Change of variables in differential equation? I have the following formula:
$$f(x) = \frac{d^2w(x)}{dx^2}$$
Now I would like to normalize $x$ by dividing it by $L$? This would be the substitution: $$\hat{x}=x/L$$
How would my formula change? (step by step please)
 A: Using $x = L \hat{x}$ we have $dx = L d\hat{x}$ and $dx^2 = L^2 d\hat{x}^2$. Therefore,
$$
\frac{d}{dx^2} = \frac{1}{L^2} \frac{d}{d\hat{x}^2}.
$$
This simple "substitution" is not mathematically rigorous, but you could use the chain rule twice to obtain the same thing; since the change of variable consists only in the multiplication by a constant, this "heuristic" works.
The final expression is
$$
f(L \hat{x}) = \frac{1}{L^2} \frac{d}{d\hat{x}^2} w(L\hat{x}).
$$
If, for example, $w(x) = A \exp(Bx)$, we have $f(x) = AB^2 \exp(Bx)$. With the new variable,
$$
A (BL)^2 \exp(BL \hat{x}) = \frac{d}{d\hat{x}^2} A \exp(BL \hat{x}).
$$
If you define $\hat{B}=BL$, $\hat{f} = \hat{B}^2 \exp(\hat{B} \hat{x})$ and $\hat{w}=\exp(\hat{B} \hat{x})$, the equation is
$$
\hat{f} = \frac{d \hat{w}}{d\hat{x}^2} .
$$
Therefore, after you normalize $x$ with $\hat{x}$, you should also normalize the functions. If $w$ has units of Kelvin, for example, $f$ has units of $K/m^2$. After the normalization, both $\hat{w}$ and $\hat{f}$ are nondimensional.

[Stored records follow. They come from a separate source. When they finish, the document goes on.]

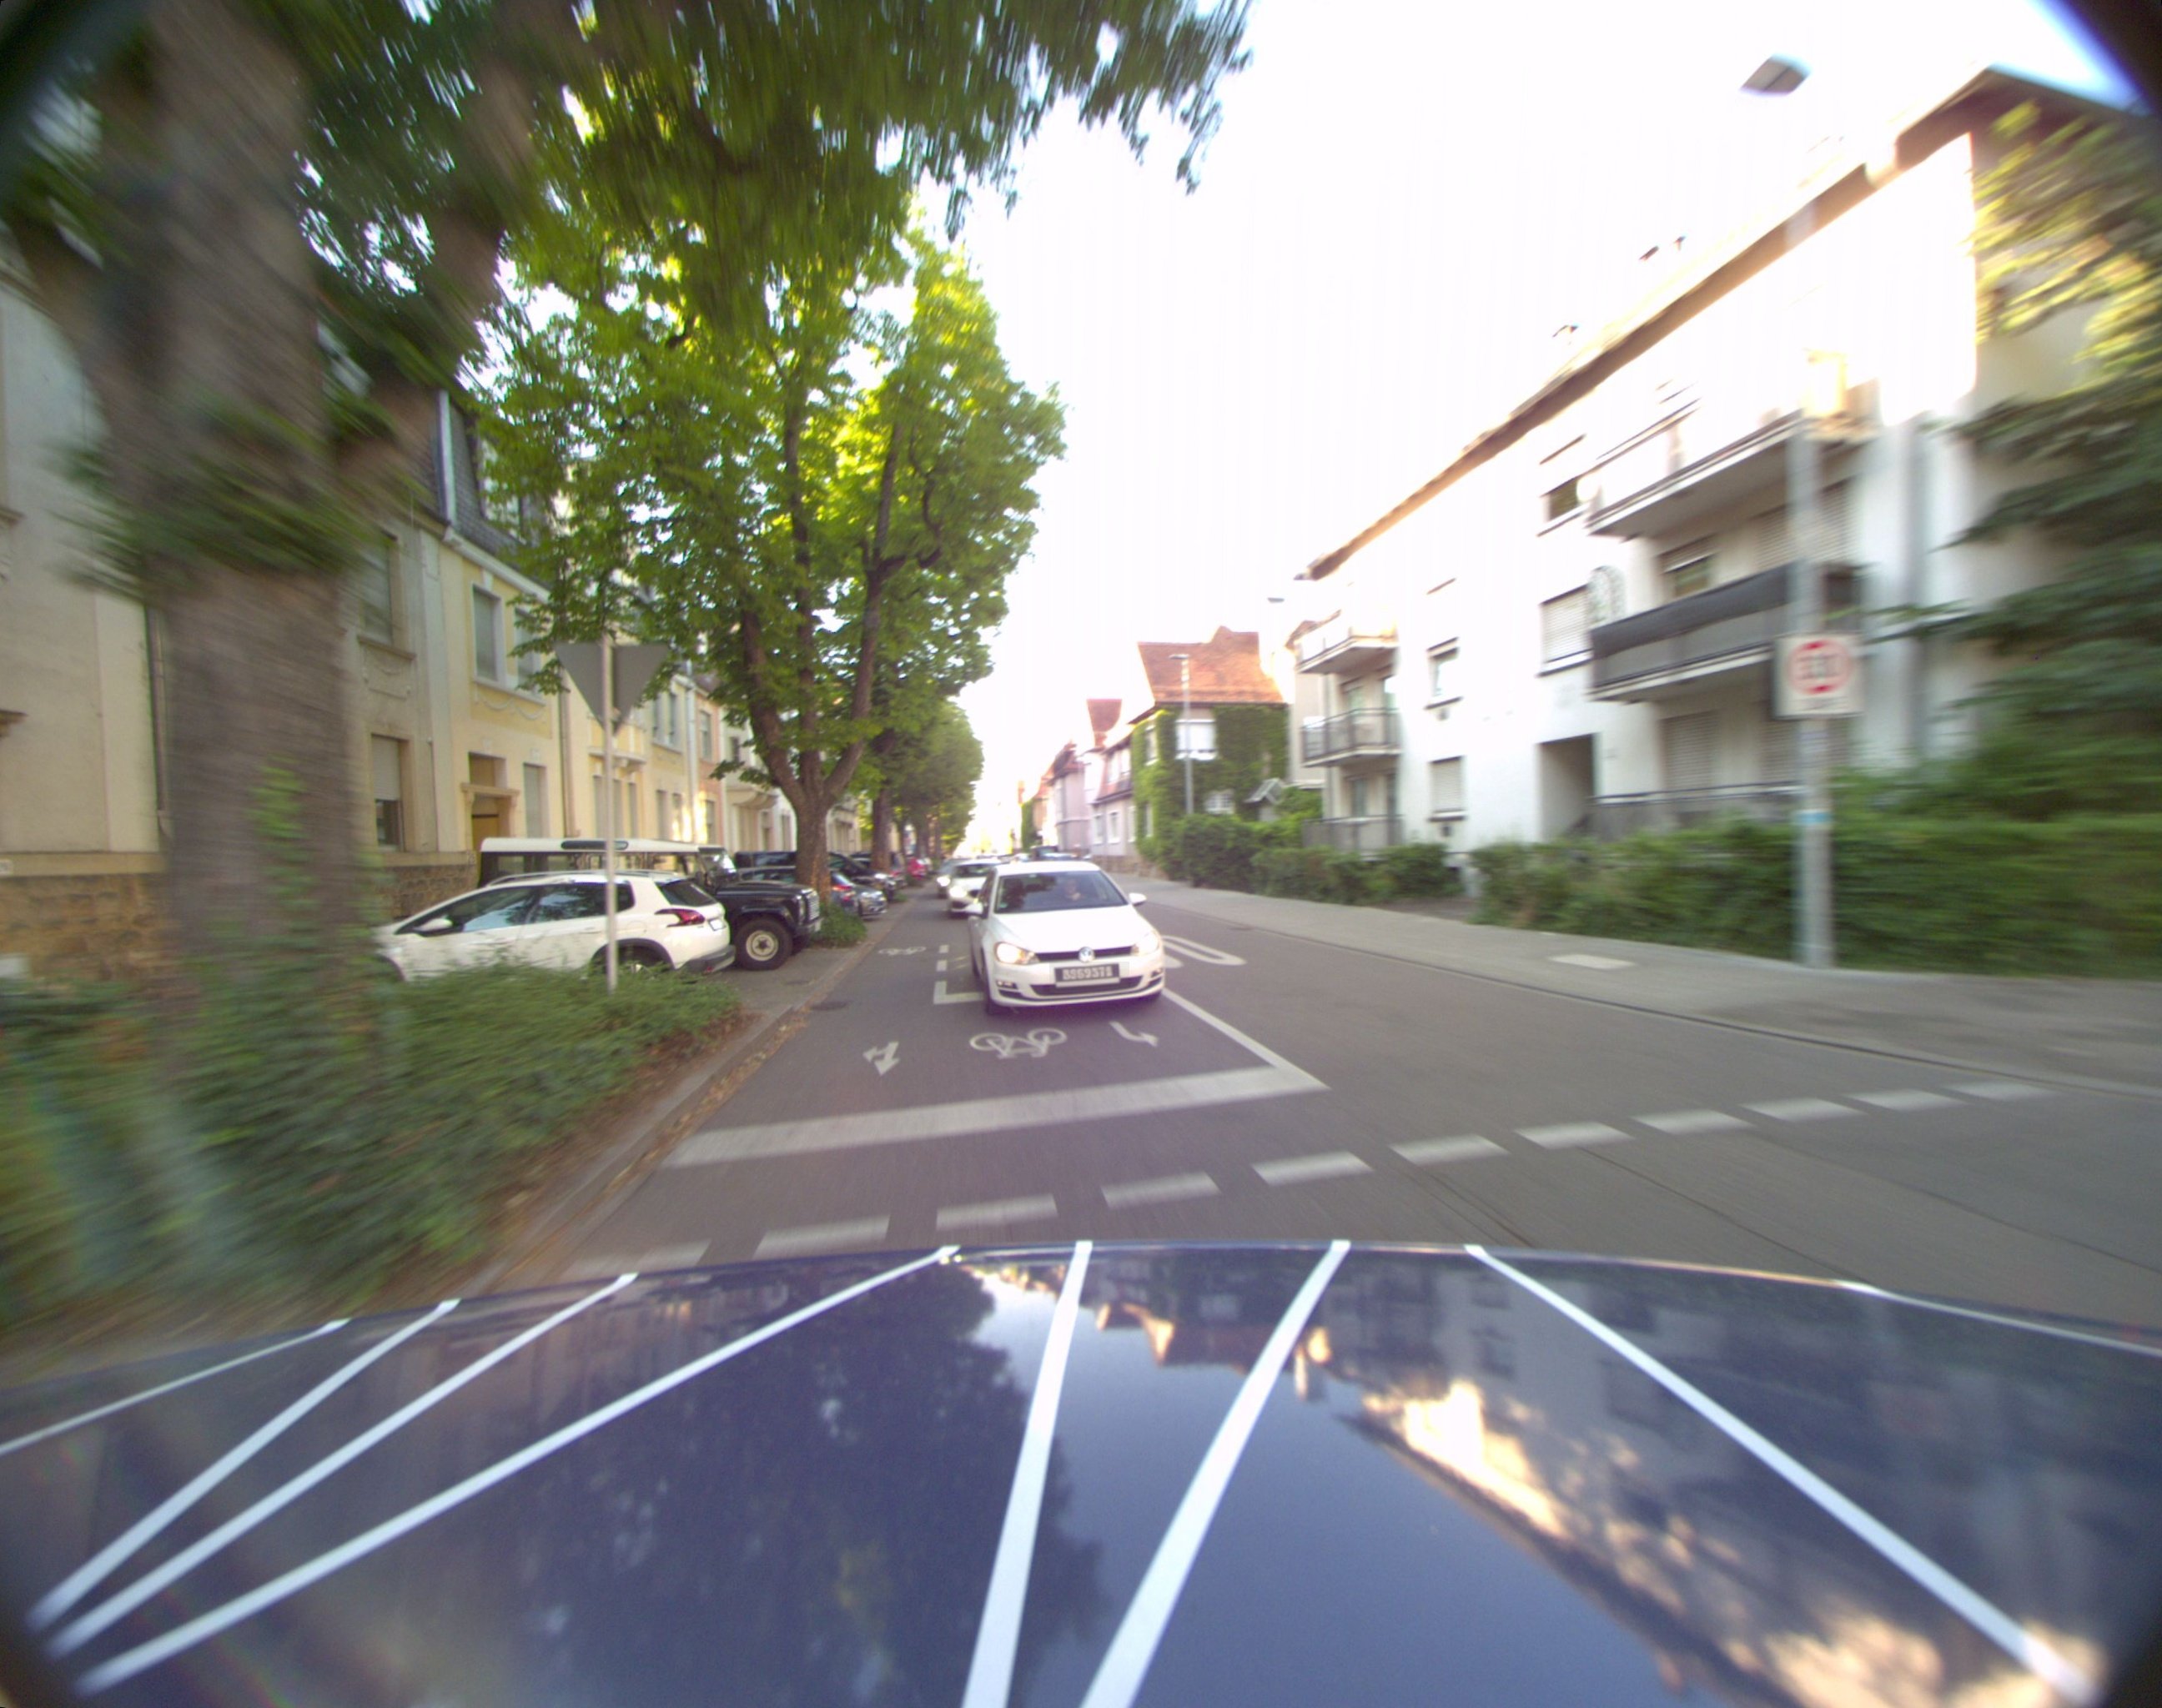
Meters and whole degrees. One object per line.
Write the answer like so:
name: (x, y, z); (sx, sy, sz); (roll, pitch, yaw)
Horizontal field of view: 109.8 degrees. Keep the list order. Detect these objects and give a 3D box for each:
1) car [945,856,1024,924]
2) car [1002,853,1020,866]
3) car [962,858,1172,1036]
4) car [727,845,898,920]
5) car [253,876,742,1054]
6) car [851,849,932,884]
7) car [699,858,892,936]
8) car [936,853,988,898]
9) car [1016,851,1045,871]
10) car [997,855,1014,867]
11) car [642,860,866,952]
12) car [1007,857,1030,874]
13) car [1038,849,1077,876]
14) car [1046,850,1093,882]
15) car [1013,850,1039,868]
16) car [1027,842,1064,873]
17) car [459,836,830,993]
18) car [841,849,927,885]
car: (-2.699, 0.891, 20.755); (1.844, 1.509, 4.018); (-3, 1, -9)
car: (-8.573, 0.680, 92.563); (1.822, 1.419, 4.285); (-4, 1, -9)
car: (-0.425, 0.853, 9.027); (1.844, 1.442, 4.107); (-3, 1, -9)
car: (-8.286, 0.832, 23.932); (4.713, 2.002, 1.998); (-3, 1, -11)
car: (-6.268, 1.128, 8.676); (4.049, 1.566, 1.682); (-2, 0, -11)
car: (-11.843, 0.739, 47.805); (4.713, 1.863, 1.998); (-3, 1, -11)
car: (-7.086, 1.025, 19.326); (4.211, 1.598, 1.998); (-3, 2, -11)
car: (-4.784, 0.794, 30.438); (1.844, 1.509, 4.749); (-3, 1, -9)
car: (-4.104, 0.539, 61.181); (1.822, 1.419, 4.285); (-4, 1, -9)
car: (-9.935, 0.845, 99.741); (1.822, 1.419, 4.285); (-4, 1, -9)
car: (-7.150, 1.088, 17.084); (4.211, 1.619, 1.971); (-3, 1, -11)
car: (-6.222, 1.125, 75.060); (1.822, 1.419, 4.285); (-4, 1, -9)
car: (-1.455, 0.490, 45.201); (1.694, 1.445, 3.996); (-4, 1, -9)
car: (-0.645, 0.568, 38.549); (1.694, 1.445, 3.996); (-4, 1, -9)
car: (-4.927, 0.451, 67.067); (1.822, 1.419, 4.285); (-4, 1, -9)
car: (-2.357, 0.211, 49.972); (1.822, 1.895, 4.285); (-4, 1, -9)
car: (-6.298, 0.798, 11.506); (4.435, 1.974, 1.757); (-2, 4, -9)
car: (-11.612, 0.734, 45.158); (4.713, 1.863, 1.998); (-3, 1, -11)

Appendix: rigorous change of variable using chain rule
Let $x=L \hat{x}$. Therefore, $\hat{x}=x/L$. From the chain rule,
$$
\frac{dw}{dx} = \frac{d\hat{x}}{dx} \frac{dw}{d\hat{x}} = \frac{1}{L} \frac{dw}{d\hat{x}}
$$
and
$$
\frac{d^2w}{dx^2}=\frac{d}{dx} \left(\frac{dw}{dx}\right) = \frac{d\hat{x}}{dx} \frac{d}{d\hat{x}}\left(\frac{1}{L} \frac{dw}{d\hat{x}} \right) = \frac{1}{L^2} \frac{d^2 w}{d \hat{x}^2}.
$$